Lease Extension and Enfranchisement Process
Most flats are owned leasehold and in turn most flat owners (with limited exceptions) will qualify for the right to compulsorily purchase a new longer lease. This is known as a “lease extension”. The new lease is for an additional 90 years on top of the current unexpired term, and reduces any existing ground rent to £nil.
Most flat owners (with limited exceptions) also have the right to compulsorily purchase the freehold of their building on a collective basis with a minimum of 50% of flat owners in the building. This is known as “enfranchisement”. Once the freehold is purchased then each participant in the process will normally receive a new 999-year lease at £nil ground rent, together with a share in the new freehold owning company.
The process of lease extension / enfranchisement typically follows five steps, which are summarised below. The whole process typically takes 6-9 months from start to finish, but can sometimes be quicker or slower.
You instruct us to provide valuation advice on the premium payable for either a lease extension or enfranchisement claim, together with initial offer sums and guidance on the other likely costs involved in the process (such as the freeholder’s legal and professional fees). This advice is reliable and straightforward, and we are always happy to answer any query that may arise. Our job is to handle the valuation side of the process.
You then instruct a specialist solicitor to formally start the process for the lease extension / enfranchisement. The solicitor will handle all of the legal side of the process and serve a Notice on the freeholder on your behalf.
The freeholder replies to your solicitor and serves a Counter Notice. Either a deal is agreed at that point or some negotiation is needed on the price. Negotiations normally resolve most disputes promptly at modest cost. We are able to handle the negotiations on your behalf should you instruct us to do so.
If such negotiation does not resolve any argument on the price, then this can be independently determined by a Tribunal. They can also resolve any legal argument that may arise.
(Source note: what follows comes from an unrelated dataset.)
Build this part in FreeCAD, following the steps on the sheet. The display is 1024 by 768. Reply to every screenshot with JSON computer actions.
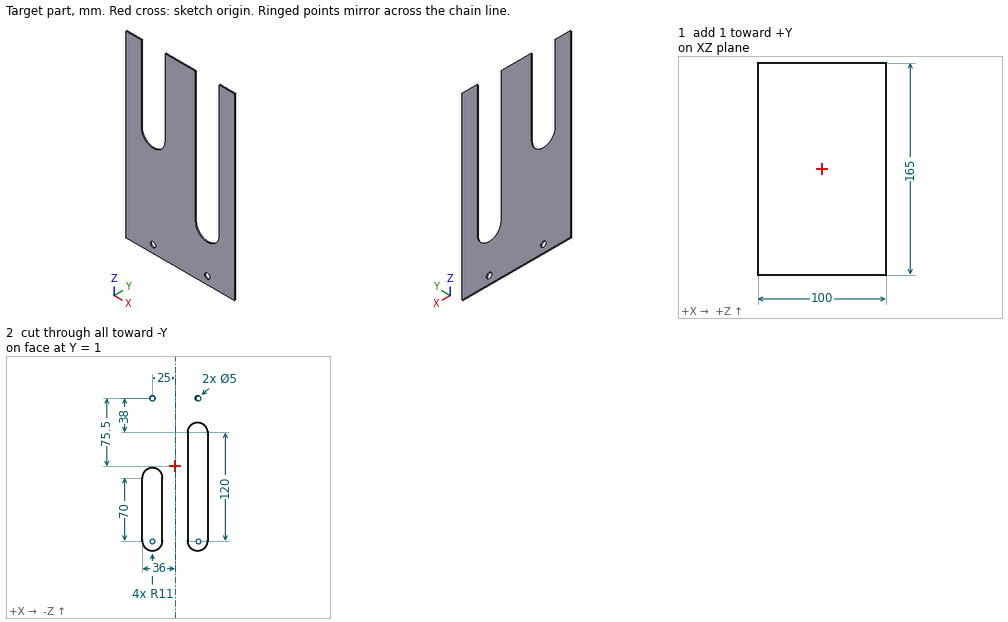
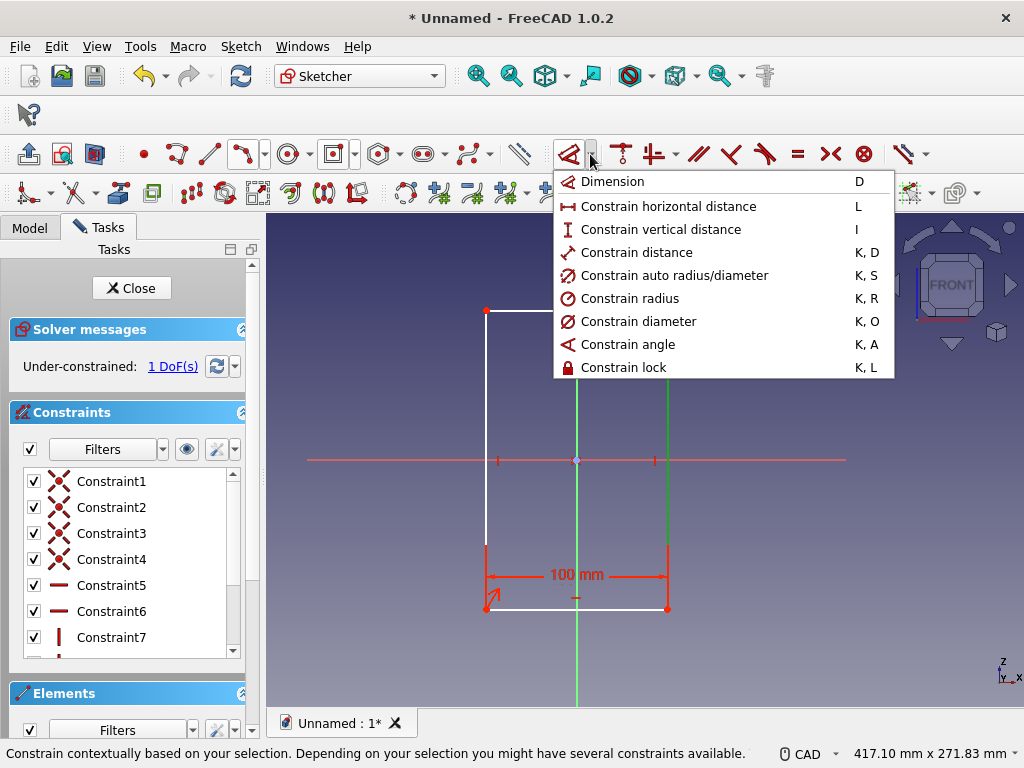
{"action": "left_click", "coordinate": [724, 230]}

The requirement for Tribunal involvement is rare.
The new lease is paid for, the legal paperwork is completed by your solicitor and is then registered at the Land Registry.
Maunder Taylor has extensive experience in providing the initial valuation advice (step 1), undertaking negotiations on the price (step 3) and giving Expert Witness evidence at Tribunal hearings (step 4). Each year, our specialist team undertakes over 500 step 1 valuations and are involved in over 300 step 2 negotiations. We also regularly attend Tribunal hearings when they are needed, often for cases involving unusual disputed points or high-value issues, including some landmark decisions over the years. Our team are often consulted by other firms on complex matters due to our experience and expertise.